A common example of when an FCRA disclosure will occur is when an employer performs a background check on a worker. It is important to note that such a disclosure will only be allowed with the worker’s permission. If the employer obtains information illegally or without their consent, they will be in violation of the FCRA.
Generally speaking, a permissible disclosure under the FCRA will include the following information:
- A written statement explicitly stating that the employer intends to perform a background check on the worker, and that it will be used to make a decision about their employment;
- Clear and unambiguous terms and language;
- While there are some exceptions, the statement should be a standalone document and drafted in legible font;
- The employer must receive written permission from the worker that they consent to the background check; and
- Both forms must comply with all applicable federal, state, and local laws associated with FCRA disclosures.

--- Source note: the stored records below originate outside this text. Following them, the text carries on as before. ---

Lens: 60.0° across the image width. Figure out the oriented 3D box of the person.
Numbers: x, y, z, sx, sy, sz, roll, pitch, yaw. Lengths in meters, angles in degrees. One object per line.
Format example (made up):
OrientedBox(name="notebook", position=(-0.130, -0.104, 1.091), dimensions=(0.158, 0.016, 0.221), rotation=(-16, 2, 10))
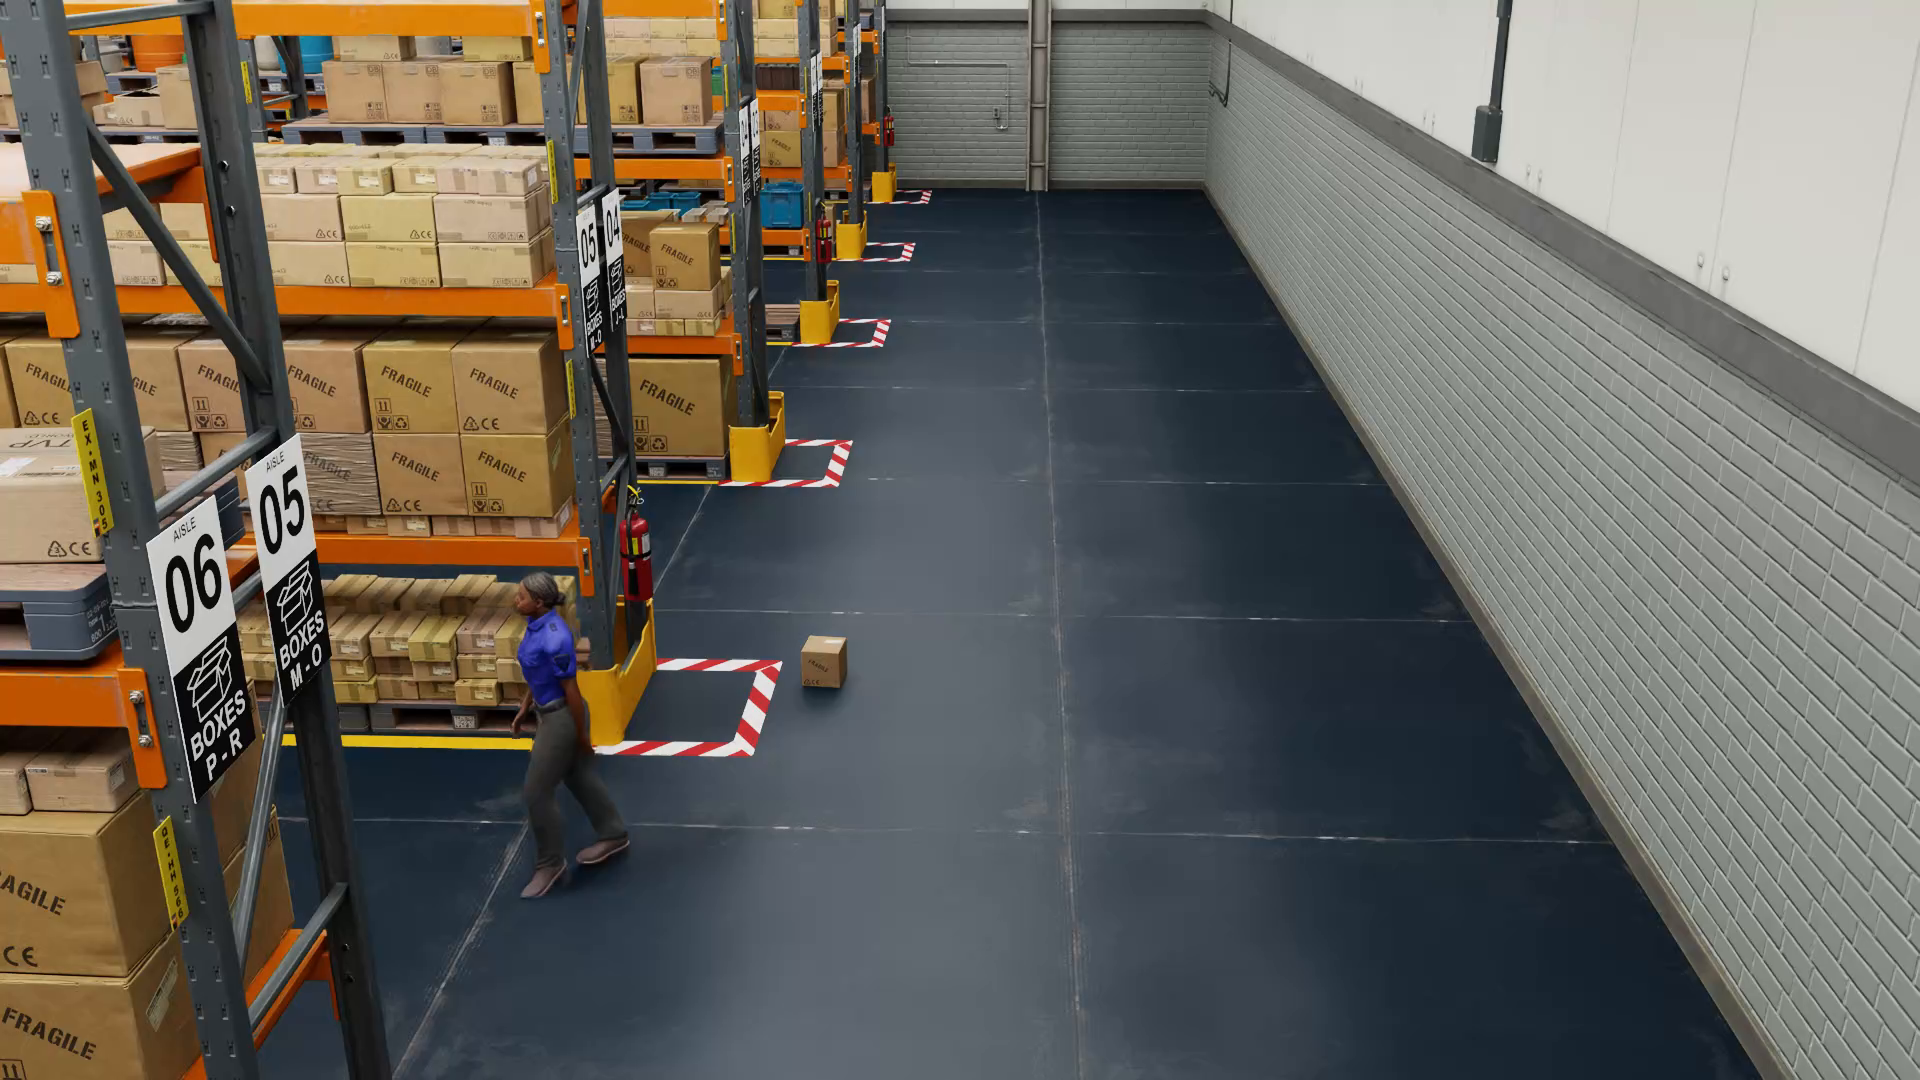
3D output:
OrientedBox(name="person", position=(-2.060, 0.969, 8.587), dimensions=(0.598, 1.706, 0.534), rotation=(-7, 22, -18))

Disclosures may also be used when conducting a background check in order to:
- Receive a loan or credit card;
- Evaluate a child support order; and/or
- Respond to a request from a state or federal government agency.
What Is In Your Credit Report?
A credit report provides a summary of how a person:
- Manages their credit accounts, such as payment history;
- The types of credit accounts that they have open; and
- Many other financial details.
It also helps creditors and lenders determine whether to offer an individual credit, and if so, the proper amount. Landlords, utility services, insurance companies, and cell phone providers may also use this information to make decisions about a consumer.
Some additional details that a credit report will generally contain include:
- Personal identifying information;
- Information regarding credit accounts, such as mortgages, student loans, credit card accounts, and car loans, along with the balance, payment history, and amounts attached to those accounts;
- Information related to bankruptcy and/or debt collection accounts; and
- The types of inquiries made to check a credit report.
After gathering this information, a credit bureau will then combine it to generate a credit score. An example of this would be how if a person has a considerable amount of debt, and many “hard” inquiries were made to check a credit report, these factors could lower their official credit score. A credit score may indicate the level of risk that a consumer poses, and can affect the interest rate imposed on the type of credit that they receive.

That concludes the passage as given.